The lawsuit, originally filed in August 2024 by authors Andrea Bartz, Charles Graeber, and Kirk Wallace Johnson, accused Anthropic of illegally downloading and utilizing pirated datasets—specifically Library Genesis (LibGen) and Pirate Library Mirror (PiLilMi)—to train its Claude line of large language models. These datasets contained nearly 500,000 copyrighted books with International Standard Book Numbers (ISBNs) or Amazon Standard Identification Numbers (ASINs) registered with the U.S. Copyright Office.

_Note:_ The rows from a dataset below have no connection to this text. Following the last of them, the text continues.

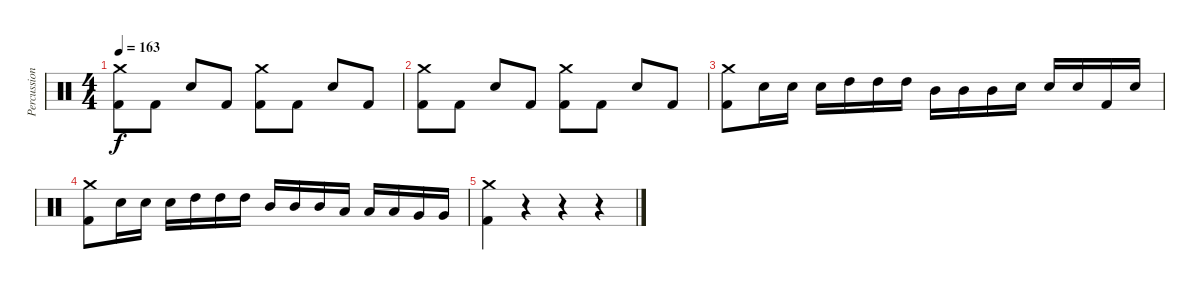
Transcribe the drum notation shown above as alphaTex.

\track ("Percussion" "Percussion") {instrument percussion}
\staff {score}
\articulation defaults
\ts (4 4)
\tempo 163
\clef neutral
\ks c
("Crash medium (hit)" "Kick (hit) 2").8{dy f} "Kick (hit) 2".8 "Electric Snare (hit)".8 "Kick (hit) 2".8 ("Crash medium (hit)" "Kick (hit) 2").8 "Kick (hit) 2".8 "Electric Snare (hit)".8 "Kick (hit) 2".8 |
("Crash medium (hit)" "Kick (hit) 2").8 "Kick (hit) 2".8 "Electric Snare (hit)".8 "Kick (hit) 2".8 ("Crash medium (hit)" "Kick (hit) 2").8 "Kick (hit) 2".8 "Electric Snare (hit)".8 "Kick (hit) 2".8 |
("Crash medium (hit)" "Kick (hit) 2").8 "Electric Snare (hit)".16 "Electric Snare (hit)".16 "Electric Snare (hit)".16 "High Tom (hit)".16 "High Tom (hit)".16 "High Tom (hit)".16 "Mid Tom (hit)".16 "Mid Tom (hit)".16 "Mid Tom (hit)".16 "Electric Snare (hit)".16 "Electric Snare (hit)".16 "Electric Snare (hit)".16 "Kick (hit) 2".16 "Electric Snare (hit)".16 |
("Crash medium (hit)" "Kick (hit) 2").8 "Electric Snare (hit)".16 "Electric Snare (hit)".16 "Electric Snare (hit)".16 "High Tom (hit)".16 "High Tom (hit)".16 "High Tom (hit)".16 "Mid Tom (hit)".16 "Mid Tom (hit)".16 "Mid Tom (hit)".16 "Low Tom (hit)".16 "Low Tom (hit)".16 "Low Tom (hit)".16 "Very Low Tom (hit)".16 "Very Low Tom (hit)".16 |
("Crash medium (hit)" "Kick (hit) 2").4 r.4 r.4 r.4

Key Terms of the Settlement

The settlement establishes a structured process for compensating affected authors and publishers while enforcing strict operational changes on Anthropic:

  • Financial Compensation: Anthropic faces a total settlement fund of $1.5 billion to pay out valid claims submitted by legal or beneficial owners of the pirated works on the covered list.
  • Data Destruction: Anthropic is required to destroy all copies of the books downloaded from the LibGen and PiLilMi datasets.
  • No Future Licensing Rights: Crucially, participating in the settlement does not grant Anthropic a license to use these copyrighted works in the future. The release of claims is strictly retroactive, covering past training and development activities up to August 26, 2025. It does not release claims for any future infringements or infringing outputs generated by Claude.
  • Timeline: The deadline for class members to exclude themselves (opt out) was January 7, 2026, and the deadline to submit a claim form is March 23, 2026. A final settlement fairness hearing was scheduled for April 23, 2026.
Regulatory and Market Implications

By settling for such a massive sum, Anthropic has signaled to the broader AI industry that relying on pirated datasets carries catastrophic financial and legal risks. The settlement demonstrates that copyright licensing is a viable, necessary path forward for AI development, rather than an existential threat. It incentivizes AI developers to transition toward legitimate, permission-based licensing agreements with authors and publishers for training data, rather than relying on unauthorized scraping or pirated repositories.